▶ _DATA_
****************************************
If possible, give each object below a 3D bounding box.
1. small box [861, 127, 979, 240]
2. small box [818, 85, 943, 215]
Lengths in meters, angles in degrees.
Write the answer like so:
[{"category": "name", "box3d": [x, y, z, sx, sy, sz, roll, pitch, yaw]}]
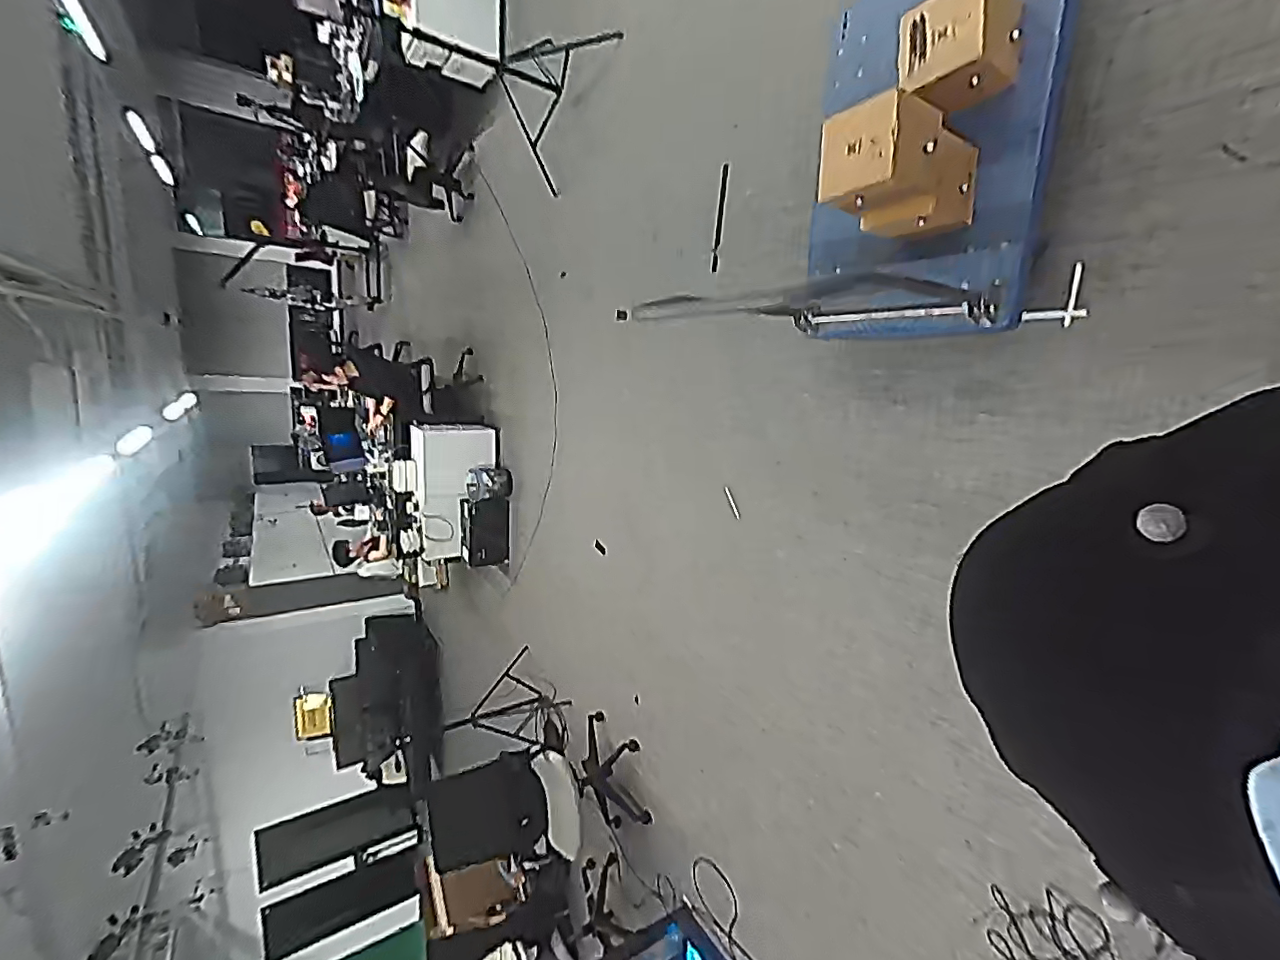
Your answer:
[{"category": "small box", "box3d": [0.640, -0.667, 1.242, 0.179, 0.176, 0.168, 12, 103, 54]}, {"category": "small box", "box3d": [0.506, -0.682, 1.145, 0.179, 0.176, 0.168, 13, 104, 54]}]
****************************************
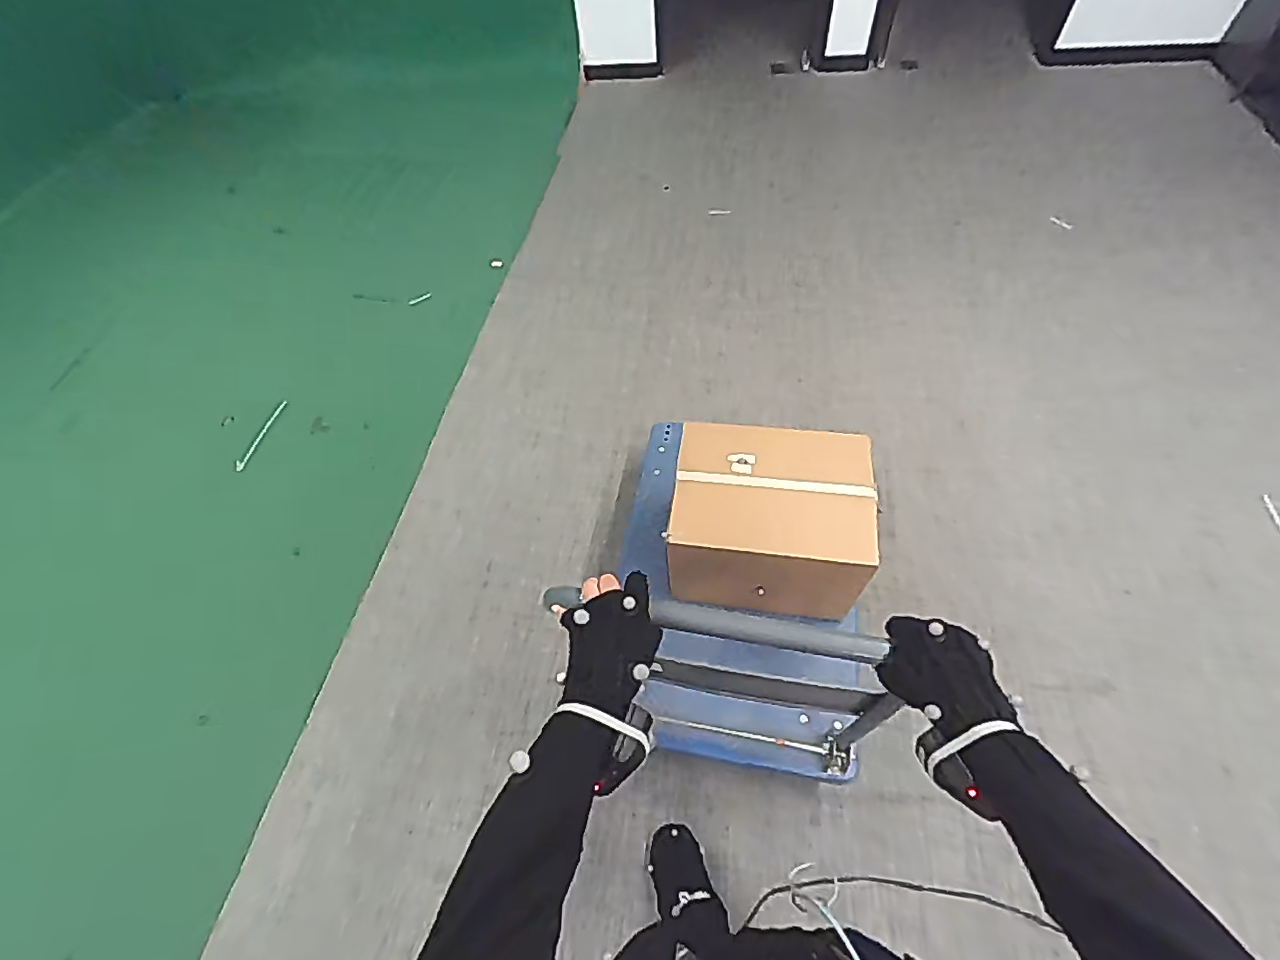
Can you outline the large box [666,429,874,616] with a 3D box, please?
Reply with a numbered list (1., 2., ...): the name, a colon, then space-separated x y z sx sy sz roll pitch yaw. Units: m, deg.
****************************************
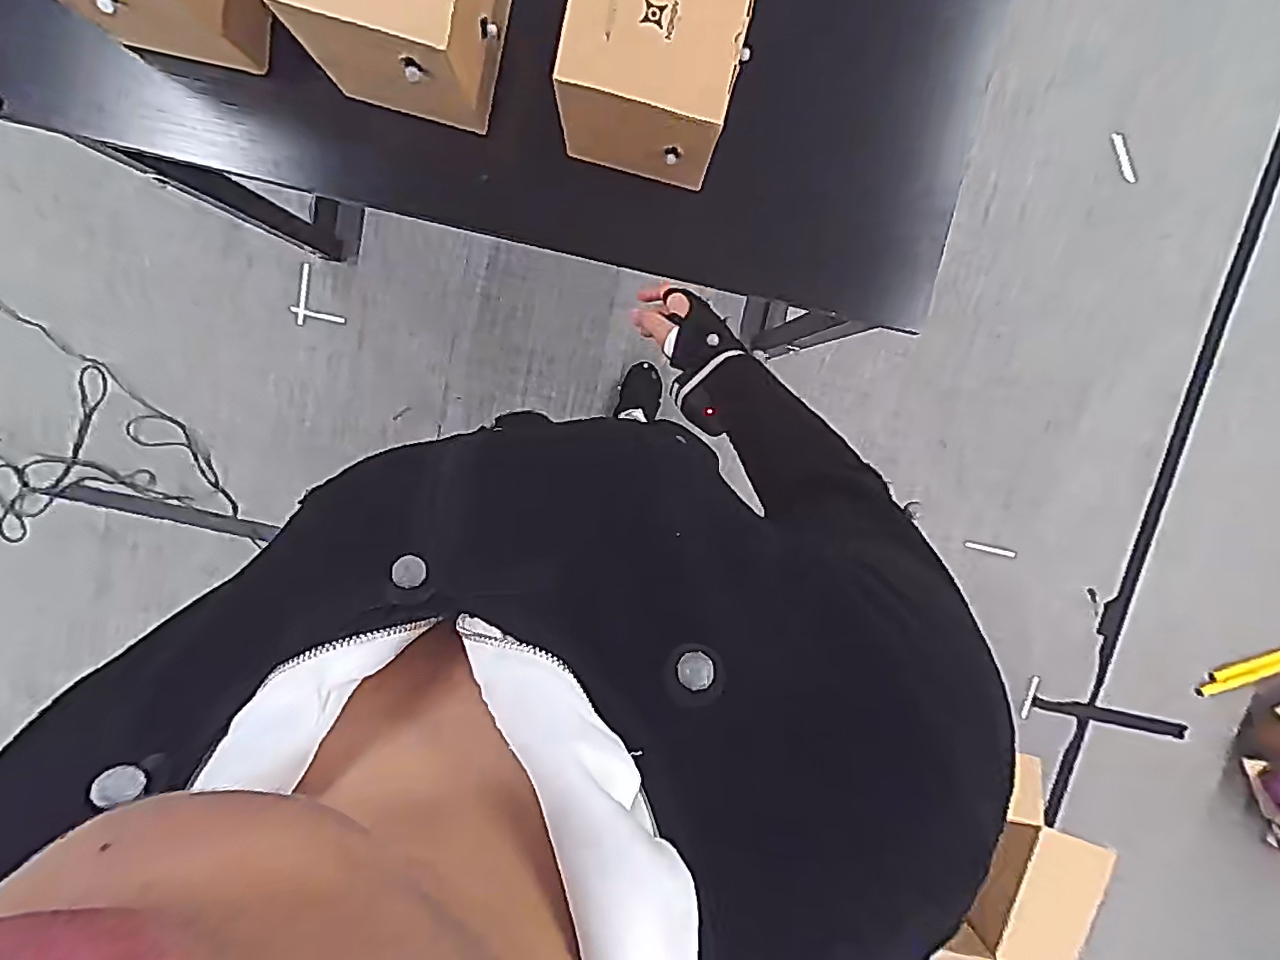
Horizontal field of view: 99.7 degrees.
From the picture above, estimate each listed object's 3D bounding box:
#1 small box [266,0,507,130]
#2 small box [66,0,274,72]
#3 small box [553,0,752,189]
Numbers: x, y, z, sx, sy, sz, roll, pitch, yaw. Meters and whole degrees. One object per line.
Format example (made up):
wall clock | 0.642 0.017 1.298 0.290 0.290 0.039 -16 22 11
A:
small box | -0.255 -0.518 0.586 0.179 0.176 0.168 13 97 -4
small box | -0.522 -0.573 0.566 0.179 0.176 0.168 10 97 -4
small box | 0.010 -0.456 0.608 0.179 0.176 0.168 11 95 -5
****************************************
▶ _REQUIRED WORK_
Search the entries for the string "degrees" and return each line where it turns up.

▶ _EXERCISE ANSWER_
Lengths in meters, angles in degrees.
Horizontal field of view: 99.7 degrees.
Numbers: x, y, z, sx, sy, sz, roll, pitch, yaw. Meters and whole degrees. One object per line.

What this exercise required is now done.